▸ YOUR TASK:
Return the lines of the data below in which the string "center" occurs.

── RECORDS TO PROCESS ──

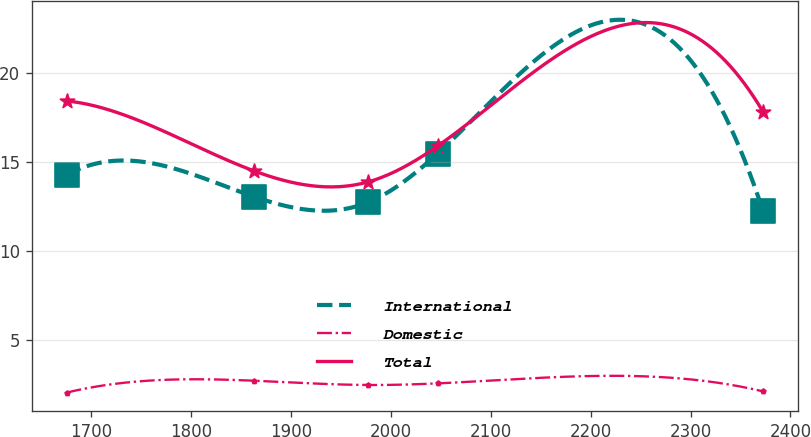Convert chart to OTSL. <chart><loc_0><loc_0><loc_500><loc_500><line_chart><ecel><fcel>International<fcel>Domestic<fcel>Total<nl><fcel>1675.05<fcel>14.28<fcel>2.03<fcel>18.45<nl><fcel>1862.83<fcel>13.06<fcel>2.7<fcel>14.51<nl><fcel>1976.94<fcel>12.74<fcel>2.46<fcel>13.89<nl><fcel>2046.68<fcel>15.49<fcel>2.55<fcel>15.91<nl><fcel>2372.5<fcel>12.27<fcel>2.1<fcel>17.85<nl></chart> 
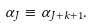<formula> <loc_0><loc_0><loc_500><loc_500>\alpha _ { J } \equiv \alpha _ { J + k + 1 } .</formula> 
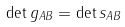Convert formula to latex. <formula><loc_0><loc_0><loc_500><loc_500>\det g _ { A B } = \det s _ { A B }</formula> 
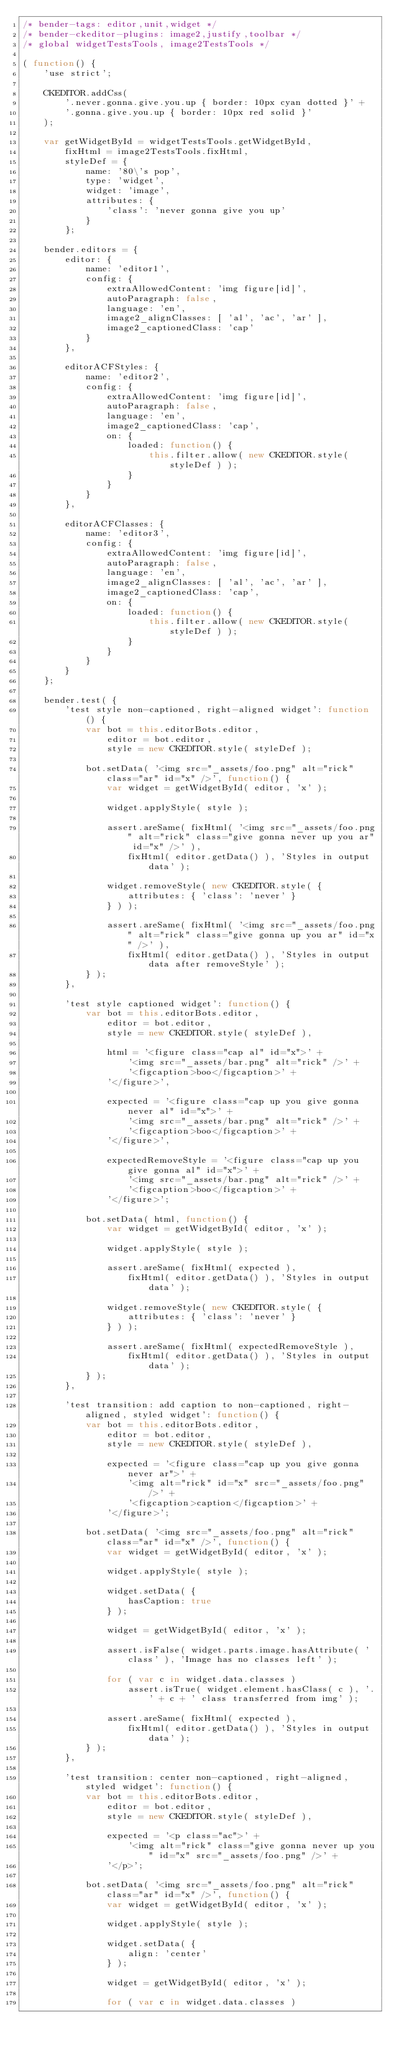<code> <loc_0><loc_0><loc_500><loc_500><_JavaScript_>/* bender-tags: editor,unit,widget */
/* bender-ckeditor-plugins: image2,justify,toolbar */
/* global widgetTestsTools, image2TestsTools */

( function() {
	'use strict';

	CKEDITOR.addCss(
		'.never.gonna.give.you.up { border: 10px cyan dotted }' +
		'.gonna.give.you.up { border: 10px red solid }'
	);

	var getWidgetById = widgetTestsTools.getWidgetById,
		fixHtml = image2TestsTools.fixHtml,
		styleDef = {
			name: '80\'s pop',
			type: 'widget',
			widget: 'image',
			attributes: {
				'class': 'never gonna give you up'
			}
		};

	bender.editors = {
		editor: {
			name: 'editor1',
			config: {
				extraAllowedContent: 'img figure[id]',
				autoParagraph: false,
				language: 'en',
				image2_alignClasses: [ 'al', 'ac', 'ar' ],
				image2_captionedClass: 'cap'
			}
		},

		editorACFStyles: {
			name: 'editor2',
			config: {
				extraAllowedContent: 'img figure[id]',
				autoParagraph: false,
				language: 'en',
				image2_captionedClass: 'cap',
				on: {
					loaded: function() {
						this.filter.allow( new CKEDITOR.style( styleDef ) );
					}
				}
			}
		},

		editorACFClasses: {
			name: 'editor3',
			config: {
				extraAllowedContent: 'img figure[id]',
				autoParagraph: false,
				language: 'en',
				image2_alignClasses: [ 'al', 'ac', 'ar' ],
				image2_captionedClass: 'cap',
				on: {
					loaded: function() {
						this.filter.allow( new CKEDITOR.style( styleDef ) );
					}
				}
			}
		}
	};

	bender.test( {
		'test style non-captioned, right-aligned widget': function() {
			var bot = this.editorBots.editor,
				editor = bot.editor,
				style = new CKEDITOR.style( styleDef );

			bot.setData( '<img src="_assets/foo.png" alt="rick" class="ar" id="x" />', function() {
				var widget = getWidgetById( editor, 'x' );

				widget.applyStyle( style );

				assert.areSame( fixHtml( '<img src="_assets/foo.png" alt="rick" class="give gonna never up you ar" id="x" />' ),
					fixHtml( editor.getData() ), 'Styles in output data' );

				widget.removeStyle( new CKEDITOR.style( {
					attributes: { 'class': 'never' }
				} ) );

				assert.areSame( fixHtml( '<img src="_assets/foo.png" alt="rick" class="give gonna up you ar" id="x" />' ),
					fixHtml( editor.getData() ), 'Styles in output data after removeStyle' );
			} );
		},

		'test style captioned widget': function() {
			var bot = this.editorBots.editor,
				editor = bot.editor,
				style = new CKEDITOR.style( styleDef ),

				html = '<figure class="cap al" id="x">' +
					'<img src="_assets/bar.png" alt="rick" />' +
					'<figcaption>boo</figcaption>' +
				'</figure>',

				expected = '<figure class="cap up you give gonna never al" id="x">' +
					'<img src="_assets/bar.png" alt="rick" />' +
					'<figcaption>boo</figcaption>' +
				'</figure>',

				expectedRemoveStyle = '<figure class="cap up you give gonna al" id="x">' +
					'<img src="_assets/bar.png" alt="rick" />' +
					'<figcaption>boo</figcaption>' +
				'</figure>';

			bot.setData( html, function() {
				var widget = getWidgetById( editor, 'x' );

				widget.applyStyle( style );

				assert.areSame( fixHtml( expected ),
					fixHtml( editor.getData() ), 'Styles in output data' );

				widget.removeStyle( new CKEDITOR.style( {
					attributes: { 'class': 'never' }
				} ) );

				assert.areSame( fixHtml( expectedRemoveStyle ),
					fixHtml( editor.getData() ), 'Styles in output data' );
			} );
		},

		'test transition: add caption to non-captioned, right-aligned, styled widget': function() {
			var bot = this.editorBots.editor,
				editor = bot.editor,
				style = new CKEDITOR.style( styleDef ),

				expected = '<figure class="cap up you give gonna never ar">' +
					'<img alt="rick" id="x" src="_assets/foo.png" />' +
					'<figcaption>caption</figcaption>' +
				'</figure>';

			bot.setData( '<img src="_assets/foo.png" alt="rick" class="ar" id="x" />', function() {
				var widget = getWidgetById( editor, 'x' );

				widget.applyStyle( style );

				widget.setData( {
					hasCaption: true
				} );

				widget = getWidgetById( editor, 'x' );

				assert.isFalse( widget.parts.image.hasAttribute( 'class' ), 'Image has no classes left' );

				for ( var c in widget.data.classes )
					assert.isTrue( widget.element.hasClass( c ), '.' + c + ' class transferred from img' );

				assert.areSame( fixHtml( expected ),
					fixHtml( editor.getData() ), 'Styles in output data' );
			} );
		},

		'test transition: center non-captioned, right-aligned, styled widget': function() {
			var bot = this.editorBots.editor,
				editor = bot.editor,
				style = new CKEDITOR.style( styleDef ),

				expected = '<p class="ac">' +
					'<img alt="rick" class="give gonna never up you" id="x" src="_assets/foo.png" />' +
				'</p>';

			bot.setData( '<img src="_assets/foo.png" alt="rick" class="ar" id="x" />', function() {
				var widget = getWidgetById( editor, 'x' );

				widget.applyStyle( style );

				widget.setData( {
					align: 'center'
				} );

				widget = getWidgetById( editor, 'x' );

				for ( var c in widget.data.classes )</code>

───

▸ EXERCISE RESPONSE:
		'test transition: center non-captioned, right-aligned, styled widget': function() {
					align: 'center'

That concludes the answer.